● **Task directions**: Search the listing below for the line containing "hfov=36.0deg. Any 2D". From there through the line containing "4. stacking toy [252,338,436,479]", transcribe every line exactly, both ends included.

● **Data**:
--------------------------------------------------

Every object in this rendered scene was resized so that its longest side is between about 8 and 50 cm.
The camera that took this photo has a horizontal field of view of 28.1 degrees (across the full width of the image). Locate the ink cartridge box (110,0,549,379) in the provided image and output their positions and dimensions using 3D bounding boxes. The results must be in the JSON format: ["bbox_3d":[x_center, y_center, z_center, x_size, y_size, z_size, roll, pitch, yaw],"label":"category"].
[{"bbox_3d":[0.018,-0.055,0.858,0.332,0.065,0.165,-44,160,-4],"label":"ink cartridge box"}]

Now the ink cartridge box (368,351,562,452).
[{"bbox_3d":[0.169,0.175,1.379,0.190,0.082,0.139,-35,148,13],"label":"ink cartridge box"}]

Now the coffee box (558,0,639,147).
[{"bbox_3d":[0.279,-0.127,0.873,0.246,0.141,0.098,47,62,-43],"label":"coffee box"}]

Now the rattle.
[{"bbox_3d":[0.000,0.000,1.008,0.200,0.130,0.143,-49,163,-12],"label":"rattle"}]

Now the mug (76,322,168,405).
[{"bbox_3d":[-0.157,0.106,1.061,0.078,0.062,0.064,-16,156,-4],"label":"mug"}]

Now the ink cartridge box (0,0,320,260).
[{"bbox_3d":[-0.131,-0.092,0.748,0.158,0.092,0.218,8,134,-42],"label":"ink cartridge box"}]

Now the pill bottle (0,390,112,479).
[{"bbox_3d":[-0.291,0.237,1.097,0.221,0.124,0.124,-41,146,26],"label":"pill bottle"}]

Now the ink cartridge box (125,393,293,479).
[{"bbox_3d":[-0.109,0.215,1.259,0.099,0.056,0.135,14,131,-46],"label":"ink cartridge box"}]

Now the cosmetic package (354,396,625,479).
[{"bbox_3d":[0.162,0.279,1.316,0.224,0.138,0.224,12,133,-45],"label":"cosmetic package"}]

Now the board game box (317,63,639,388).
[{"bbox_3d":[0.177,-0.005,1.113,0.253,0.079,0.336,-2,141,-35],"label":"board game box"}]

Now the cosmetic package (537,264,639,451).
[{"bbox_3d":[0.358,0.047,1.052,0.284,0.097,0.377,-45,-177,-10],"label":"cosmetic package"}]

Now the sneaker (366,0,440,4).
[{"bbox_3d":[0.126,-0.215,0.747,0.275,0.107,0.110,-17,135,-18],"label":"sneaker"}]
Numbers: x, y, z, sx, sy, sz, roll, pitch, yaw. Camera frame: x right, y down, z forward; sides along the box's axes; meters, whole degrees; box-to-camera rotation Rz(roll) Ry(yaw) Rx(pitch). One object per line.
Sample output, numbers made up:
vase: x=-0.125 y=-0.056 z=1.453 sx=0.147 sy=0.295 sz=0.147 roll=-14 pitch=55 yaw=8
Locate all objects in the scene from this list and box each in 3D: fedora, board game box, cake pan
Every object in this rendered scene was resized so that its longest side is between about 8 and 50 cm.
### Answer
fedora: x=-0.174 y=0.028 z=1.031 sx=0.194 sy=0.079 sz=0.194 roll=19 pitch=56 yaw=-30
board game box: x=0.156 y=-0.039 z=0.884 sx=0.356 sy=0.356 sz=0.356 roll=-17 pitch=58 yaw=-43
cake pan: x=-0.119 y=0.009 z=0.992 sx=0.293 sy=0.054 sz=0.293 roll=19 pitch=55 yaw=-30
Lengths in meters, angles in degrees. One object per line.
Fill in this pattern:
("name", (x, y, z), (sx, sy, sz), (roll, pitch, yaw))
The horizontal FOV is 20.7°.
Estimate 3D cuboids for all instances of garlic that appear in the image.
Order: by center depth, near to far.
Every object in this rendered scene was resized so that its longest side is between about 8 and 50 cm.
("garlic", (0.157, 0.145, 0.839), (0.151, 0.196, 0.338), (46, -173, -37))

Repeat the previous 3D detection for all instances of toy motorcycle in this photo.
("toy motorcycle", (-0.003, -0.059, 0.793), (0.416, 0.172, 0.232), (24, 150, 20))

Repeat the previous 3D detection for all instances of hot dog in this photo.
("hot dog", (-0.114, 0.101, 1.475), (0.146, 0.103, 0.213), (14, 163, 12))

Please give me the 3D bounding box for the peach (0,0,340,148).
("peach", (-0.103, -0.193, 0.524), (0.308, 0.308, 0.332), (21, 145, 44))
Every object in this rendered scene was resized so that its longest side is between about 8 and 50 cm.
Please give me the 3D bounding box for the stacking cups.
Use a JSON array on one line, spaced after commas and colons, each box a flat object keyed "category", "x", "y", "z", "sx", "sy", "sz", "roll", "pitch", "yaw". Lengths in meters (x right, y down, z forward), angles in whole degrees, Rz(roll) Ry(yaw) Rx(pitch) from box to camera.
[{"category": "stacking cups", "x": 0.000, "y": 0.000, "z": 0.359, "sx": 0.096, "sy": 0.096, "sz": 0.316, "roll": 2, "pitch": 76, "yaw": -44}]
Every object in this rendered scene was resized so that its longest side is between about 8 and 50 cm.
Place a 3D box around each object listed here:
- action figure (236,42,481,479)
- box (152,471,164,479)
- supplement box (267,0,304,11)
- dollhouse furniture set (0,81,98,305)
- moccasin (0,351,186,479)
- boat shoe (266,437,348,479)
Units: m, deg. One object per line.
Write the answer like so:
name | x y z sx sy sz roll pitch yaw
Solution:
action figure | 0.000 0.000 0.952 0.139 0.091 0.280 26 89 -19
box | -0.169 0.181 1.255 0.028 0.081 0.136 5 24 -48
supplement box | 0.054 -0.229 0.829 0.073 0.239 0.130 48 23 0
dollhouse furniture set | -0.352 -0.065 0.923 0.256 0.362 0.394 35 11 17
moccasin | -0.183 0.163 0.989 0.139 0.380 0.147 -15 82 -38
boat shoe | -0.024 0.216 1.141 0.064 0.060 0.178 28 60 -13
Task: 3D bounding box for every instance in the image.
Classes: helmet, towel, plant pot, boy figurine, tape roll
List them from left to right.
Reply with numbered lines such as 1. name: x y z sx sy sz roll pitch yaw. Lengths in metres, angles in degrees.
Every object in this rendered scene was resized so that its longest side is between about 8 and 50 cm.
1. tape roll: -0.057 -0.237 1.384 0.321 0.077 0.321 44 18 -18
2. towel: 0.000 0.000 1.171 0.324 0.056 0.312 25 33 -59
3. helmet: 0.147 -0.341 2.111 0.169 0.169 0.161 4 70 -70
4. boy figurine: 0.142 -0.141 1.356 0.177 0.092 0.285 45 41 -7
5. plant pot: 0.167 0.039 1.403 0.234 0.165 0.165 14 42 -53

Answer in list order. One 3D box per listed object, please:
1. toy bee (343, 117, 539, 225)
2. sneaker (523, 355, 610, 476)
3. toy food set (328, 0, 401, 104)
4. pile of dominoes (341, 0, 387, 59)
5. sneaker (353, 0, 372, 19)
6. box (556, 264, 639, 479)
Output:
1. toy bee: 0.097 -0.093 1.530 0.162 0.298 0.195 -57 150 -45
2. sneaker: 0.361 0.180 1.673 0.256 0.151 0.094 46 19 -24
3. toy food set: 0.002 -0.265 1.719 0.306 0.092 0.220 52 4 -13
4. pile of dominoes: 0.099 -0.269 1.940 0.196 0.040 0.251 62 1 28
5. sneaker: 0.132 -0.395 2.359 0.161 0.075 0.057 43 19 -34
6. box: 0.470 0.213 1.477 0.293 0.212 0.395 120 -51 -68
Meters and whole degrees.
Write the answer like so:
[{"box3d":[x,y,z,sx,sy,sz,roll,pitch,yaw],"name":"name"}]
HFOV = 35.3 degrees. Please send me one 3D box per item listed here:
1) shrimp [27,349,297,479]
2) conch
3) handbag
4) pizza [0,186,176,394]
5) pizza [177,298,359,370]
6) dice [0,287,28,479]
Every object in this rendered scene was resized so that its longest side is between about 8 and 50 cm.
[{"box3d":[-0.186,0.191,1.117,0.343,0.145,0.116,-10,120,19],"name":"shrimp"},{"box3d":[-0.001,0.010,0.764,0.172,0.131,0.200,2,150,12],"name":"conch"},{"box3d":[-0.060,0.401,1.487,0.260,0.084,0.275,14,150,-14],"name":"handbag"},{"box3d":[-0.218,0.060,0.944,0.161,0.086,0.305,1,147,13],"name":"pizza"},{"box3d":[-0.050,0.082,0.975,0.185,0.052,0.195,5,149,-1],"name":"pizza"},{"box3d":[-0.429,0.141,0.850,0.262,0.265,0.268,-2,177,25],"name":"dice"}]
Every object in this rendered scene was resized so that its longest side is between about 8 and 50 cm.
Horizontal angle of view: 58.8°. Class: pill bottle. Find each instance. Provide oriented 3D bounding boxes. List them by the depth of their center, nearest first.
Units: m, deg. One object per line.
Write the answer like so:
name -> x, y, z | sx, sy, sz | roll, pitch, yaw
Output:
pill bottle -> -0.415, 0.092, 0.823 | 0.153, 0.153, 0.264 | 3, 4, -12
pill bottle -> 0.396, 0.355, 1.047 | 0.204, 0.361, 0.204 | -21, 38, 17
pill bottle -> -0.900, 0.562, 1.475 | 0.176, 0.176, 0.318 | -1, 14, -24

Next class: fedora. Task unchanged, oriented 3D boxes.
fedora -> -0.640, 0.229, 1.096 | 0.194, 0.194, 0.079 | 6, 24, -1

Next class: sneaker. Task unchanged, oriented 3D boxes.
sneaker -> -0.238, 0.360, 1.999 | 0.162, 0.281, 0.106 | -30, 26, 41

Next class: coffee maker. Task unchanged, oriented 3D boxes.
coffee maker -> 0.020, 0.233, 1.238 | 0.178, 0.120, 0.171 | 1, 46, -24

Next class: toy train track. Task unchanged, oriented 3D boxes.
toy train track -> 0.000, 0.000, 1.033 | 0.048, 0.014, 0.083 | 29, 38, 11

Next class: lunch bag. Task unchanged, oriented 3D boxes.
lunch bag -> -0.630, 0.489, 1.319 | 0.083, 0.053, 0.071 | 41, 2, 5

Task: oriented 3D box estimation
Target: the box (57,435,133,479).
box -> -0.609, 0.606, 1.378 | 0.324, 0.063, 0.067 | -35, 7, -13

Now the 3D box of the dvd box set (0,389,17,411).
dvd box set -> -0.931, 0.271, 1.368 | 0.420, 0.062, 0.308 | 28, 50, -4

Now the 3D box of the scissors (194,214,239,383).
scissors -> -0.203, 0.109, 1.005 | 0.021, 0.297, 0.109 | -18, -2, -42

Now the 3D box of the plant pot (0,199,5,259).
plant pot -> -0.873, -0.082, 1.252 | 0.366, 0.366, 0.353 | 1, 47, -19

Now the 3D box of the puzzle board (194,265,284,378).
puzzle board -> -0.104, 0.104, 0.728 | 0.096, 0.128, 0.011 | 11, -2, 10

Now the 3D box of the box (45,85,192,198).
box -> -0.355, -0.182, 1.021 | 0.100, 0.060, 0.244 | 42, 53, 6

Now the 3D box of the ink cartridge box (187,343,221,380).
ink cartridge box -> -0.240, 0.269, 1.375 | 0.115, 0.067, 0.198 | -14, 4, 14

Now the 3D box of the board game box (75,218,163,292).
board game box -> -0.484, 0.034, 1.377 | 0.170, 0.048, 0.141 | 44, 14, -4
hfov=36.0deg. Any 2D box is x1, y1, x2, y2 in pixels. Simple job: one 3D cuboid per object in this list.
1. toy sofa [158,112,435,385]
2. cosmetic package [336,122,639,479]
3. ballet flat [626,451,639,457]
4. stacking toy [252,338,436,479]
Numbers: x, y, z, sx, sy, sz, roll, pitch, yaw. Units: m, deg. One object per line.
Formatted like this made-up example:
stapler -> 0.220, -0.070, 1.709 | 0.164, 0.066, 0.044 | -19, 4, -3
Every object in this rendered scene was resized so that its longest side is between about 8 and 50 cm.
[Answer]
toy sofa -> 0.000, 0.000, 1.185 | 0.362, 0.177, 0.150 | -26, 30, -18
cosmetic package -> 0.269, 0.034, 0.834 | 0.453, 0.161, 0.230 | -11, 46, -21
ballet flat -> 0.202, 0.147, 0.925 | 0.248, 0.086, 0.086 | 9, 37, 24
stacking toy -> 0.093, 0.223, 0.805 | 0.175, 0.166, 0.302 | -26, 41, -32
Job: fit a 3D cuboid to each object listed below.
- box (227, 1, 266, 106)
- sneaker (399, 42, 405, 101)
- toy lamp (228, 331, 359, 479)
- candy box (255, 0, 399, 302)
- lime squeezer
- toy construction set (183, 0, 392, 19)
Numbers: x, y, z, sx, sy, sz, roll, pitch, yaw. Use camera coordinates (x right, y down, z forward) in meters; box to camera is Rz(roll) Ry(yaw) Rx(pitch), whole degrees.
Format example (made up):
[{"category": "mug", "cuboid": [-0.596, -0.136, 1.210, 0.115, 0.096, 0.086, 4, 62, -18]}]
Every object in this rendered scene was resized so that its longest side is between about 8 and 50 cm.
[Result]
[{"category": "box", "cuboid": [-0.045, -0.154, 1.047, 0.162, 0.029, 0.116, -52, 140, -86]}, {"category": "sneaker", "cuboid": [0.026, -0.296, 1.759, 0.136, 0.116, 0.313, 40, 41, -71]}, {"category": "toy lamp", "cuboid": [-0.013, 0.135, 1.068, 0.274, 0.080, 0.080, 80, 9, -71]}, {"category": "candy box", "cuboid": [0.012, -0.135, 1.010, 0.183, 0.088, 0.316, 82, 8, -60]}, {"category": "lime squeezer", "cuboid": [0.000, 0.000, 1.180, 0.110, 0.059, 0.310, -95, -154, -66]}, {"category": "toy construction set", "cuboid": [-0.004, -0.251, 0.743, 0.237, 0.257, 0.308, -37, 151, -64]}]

--------------------------------------------------

● **Answer**:
hfov=36.0deg. Any 2D box is x1, y1, x2, y2 in pixels. Simple job: one 3D cuboid per object in this list.
1. toy sofa [158,112,435,385]
2. cosmetic package [336,122,639,479]
3. ballet flat [626,451,639,457]
4. stacking toy [252,338,436,479]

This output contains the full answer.